Adequate CPP to maintain normal cerebral functioning is defined as being between 50 and 70 mmHg.[33] This is derived from the difference between MAP and intracranial pressure (ICP). Maintenance of CPP intraoperatively is critical to minimise the risk of ischaemic insult. We have assumed that all recruited patients had normal ICP, and have shown that intraoperative MAP was maintained to prevent malperfusion contributing to ischaemic purine production. The relatively lower MAP readings in the GA shunted cohort may be attributable to less rigorous BP control given cerebral perfusion via the shunt. The relative increase in MAP in the LA study may also be explained by discomfort or anxiety experienced by the patient during an LA procedure.

The use of shunts in carotid surgery remains contentious and there is significant variation in practice globally. Selective, routine and no shunt approaches all have staunch supporters. A Cochrane review published in 2014[34] involving 1270 procedures and a retrospective study of 28,475 procedures[35] both concluded that there was insufficient robust evidence to support the use of routine, selective shunting or no shunt policies to reduce stroke risk. The absence of significant purine rises in the GA cohort, compared with the previous LA cohort may indicate that the decrease in cerebral metabolic rate afforded by general anaesthetic agents gives an element of cerebro-protection against clamp-induced cerebral hypoperfusion ischaemia. Therefore, in a proportion of cases, the perceived protection offered by shunting may be unnecessary. A larger study is needed to assess purine nucleoside changes only in patients with evidence of significant cerebral ischaemia intraoperatively and the effects of shunt insertion.

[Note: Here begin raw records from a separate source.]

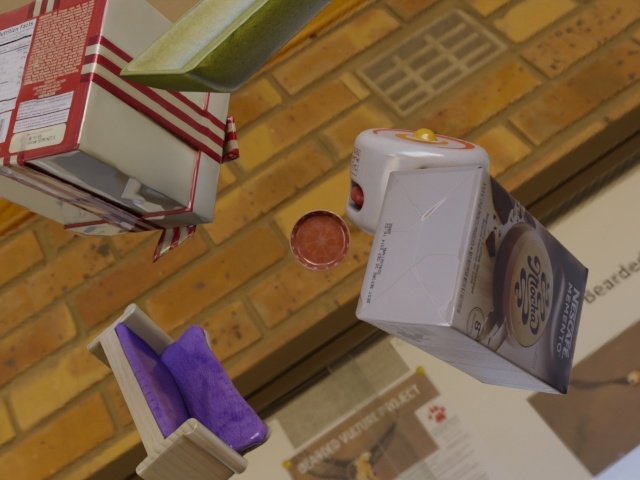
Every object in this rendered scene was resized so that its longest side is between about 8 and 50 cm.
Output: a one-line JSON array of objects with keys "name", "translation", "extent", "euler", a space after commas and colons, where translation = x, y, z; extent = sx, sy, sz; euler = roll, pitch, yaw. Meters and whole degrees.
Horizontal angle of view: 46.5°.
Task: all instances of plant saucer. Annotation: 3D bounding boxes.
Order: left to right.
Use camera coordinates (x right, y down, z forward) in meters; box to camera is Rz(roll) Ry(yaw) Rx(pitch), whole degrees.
[{"name": "plant saucer", "translation": [-0.069, -0.188, 0.645], "extent": [0.188, 0.188, 0.045], "euler": [-46, -60, -14]}, {"name": "plant saucer", "translation": [0.000, 0.000, 1.009], "extent": [0.083, 0.083, 0.013], "euler": [-40, -5, 4]}]

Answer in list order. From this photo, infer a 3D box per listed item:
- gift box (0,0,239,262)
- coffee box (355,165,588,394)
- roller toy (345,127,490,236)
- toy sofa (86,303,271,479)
[{"name": "gift box", "translation": [-0.273, -0.124, 0.930], "extent": [0.258, 0.255, 0.276], "euler": [30, -116, -54]}, {"name": "coffee box", "translation": [0.185, 0.056, 0.841], "extent": [0.297, 0.119, 0.168], "euler": [31, -112, -46]}, {"name": "roller toy", "translation": [0.133, -0.083, 1.039], "extent": [0.209, 0.191, 0.146], "euler": [-17, -61, -56]}, {"name": "toy sofa", "translation": [-0.248, 0.252, 1.262], "extent": [0.177, 0.362, 0.150], "euler": [-41, -51, -4]}]
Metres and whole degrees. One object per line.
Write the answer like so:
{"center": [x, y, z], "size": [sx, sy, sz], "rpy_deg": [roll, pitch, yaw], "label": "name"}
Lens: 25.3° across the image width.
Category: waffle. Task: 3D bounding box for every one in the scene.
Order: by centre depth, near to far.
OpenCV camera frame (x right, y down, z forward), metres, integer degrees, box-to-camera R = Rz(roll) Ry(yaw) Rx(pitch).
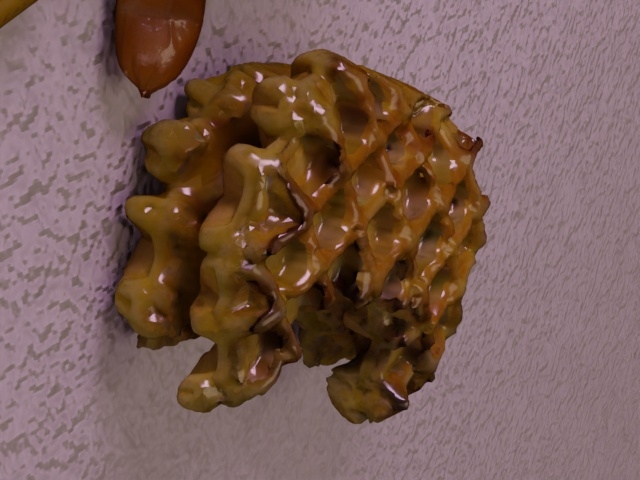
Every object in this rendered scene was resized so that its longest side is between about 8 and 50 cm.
{"center": [0.000, 0.000, 1.051], "size": [0.324, 0.151, 0.261], "rpy_deg": [16, 94, -59], "label": "waffle"}

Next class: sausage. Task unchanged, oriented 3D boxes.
{"center": [-0.096, -0.182, 0.899], "size": [0.062, 0.054, 0.183], "rpy_deg": [1, 108, -24], "label": "sausage"}

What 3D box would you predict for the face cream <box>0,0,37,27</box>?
{"center": [-0.175, -0.160, 0.763], "size": [0.273, 0.078, 0.078], "rpy_deg": [-47, 140, -36], "label": "face cream"}
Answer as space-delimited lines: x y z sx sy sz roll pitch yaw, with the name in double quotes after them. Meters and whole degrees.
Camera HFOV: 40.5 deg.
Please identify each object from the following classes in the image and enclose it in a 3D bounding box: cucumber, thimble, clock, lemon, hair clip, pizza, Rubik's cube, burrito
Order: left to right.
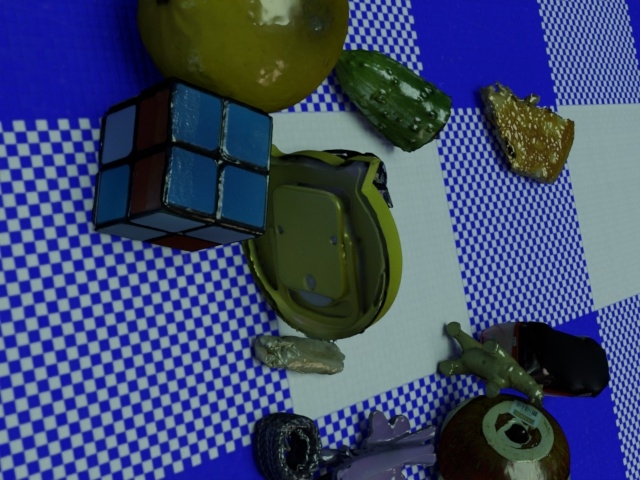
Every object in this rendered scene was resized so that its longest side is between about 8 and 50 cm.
-0.184 -0.093 1.159 0.167 0.180 0.183 16 69 -41 "Rubik's cube"
-0.104 -0.313 1.215 0.297 0.297 0.297 10 75 -43 "lemon"
-0.048 0.311 1.299 0.095 0.066 0.104 -21 100 -44 "thimble"
-0.027 0.180 1.358 0.188 0.045 0.058 14 79 -44 "burrito"
0.003 0.000 1.254 0.071 0.277 0.293 -23 123 -46 "clock"
0.083 0.349 1.413 0.278 0.090 0.137 -3 89 -49 "hair clip"
0.109 -0.269 1.533 0.244 0.134 0.134 30 62 -26 "cucumber"
0.439 -0.237 1.882 0.297 0.071 0.189 22 79 -36 "pizza"

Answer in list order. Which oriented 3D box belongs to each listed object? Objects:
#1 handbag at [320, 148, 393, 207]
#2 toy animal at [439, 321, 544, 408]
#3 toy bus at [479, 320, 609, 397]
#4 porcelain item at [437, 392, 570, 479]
0.035 -0.043 1.406 0.229 0.127 0.207 -8 88 -38 "handbag"
0.313 0.234 1.585 0.101 0.219 0.103 30 84 -34 "toy animal"
0.449 0.244 1.744 0.303 0.147 0.127 17 70 -44 "toy bus"
0.324 0.408 1.575 0.253 0.253 0.252 10 75 -43 "porcelain item"

This study has a number of limitations. First, this study is a small proof-of-concept study, with a number of demographic differences between the GA and LA cohorts. This is likely due to the relatively small numbers of patients in each group, especially the LA cohort. As medical conditions affecting purine production were excluded, the range of comorbidity identified would not have confounded the primary outcome of this study. Second, shunting remained at surgeons’ discretion and therefore varied between surgeons; in addition, determination of the need for shunting varied between surgeons and between the recruiting sites. This potentially serves to confound changes in purine nucleosides as it would be expected that shunt insertion would attenuate ischaemic purine nucleoside production as cerebral flow is maintained. This is demonstrated in the results obtained in patients requiring shunt insertion in the previously published LA study. Given rises in purine nucleosides in the LA cohort were appreciated prior to neurological symptoms, it was not deemed appropriate to require surgeons to deviate from their preferred mechanisms of cerebro-protection. A lack of appreciable purine rise in conjunction with no perioperative neurological events could be interpreted as appropriate prophylactic shunt insertion based on existing selection mechanisms. Third, anaesthetic choice was again not standardised. The aim of this study was not to compare the choice of anaesthetic agent against intraoperative neurological disturbance and the potential significance of anaesthetic choice became apparent during the study period. Future work around purine nucleosides should seek to standardise anaesthetic regimens to avoid this as a potential confounder.

Conclusion

While this small study does not demonstrate conclusive evidence that purine nucleosides can be used as a marker of cerebral ischaemia, the comparisons to the LA study offer information about the differences in cerebral ATP metabolism between LA and GA. We hypothesise that the lack of a rise in purine nucleosides in GA CEA may be caused by a decrease in cerebral metabolic rate and loss of metabolic rate-blood flow coupling caused by general anaesthetic agents.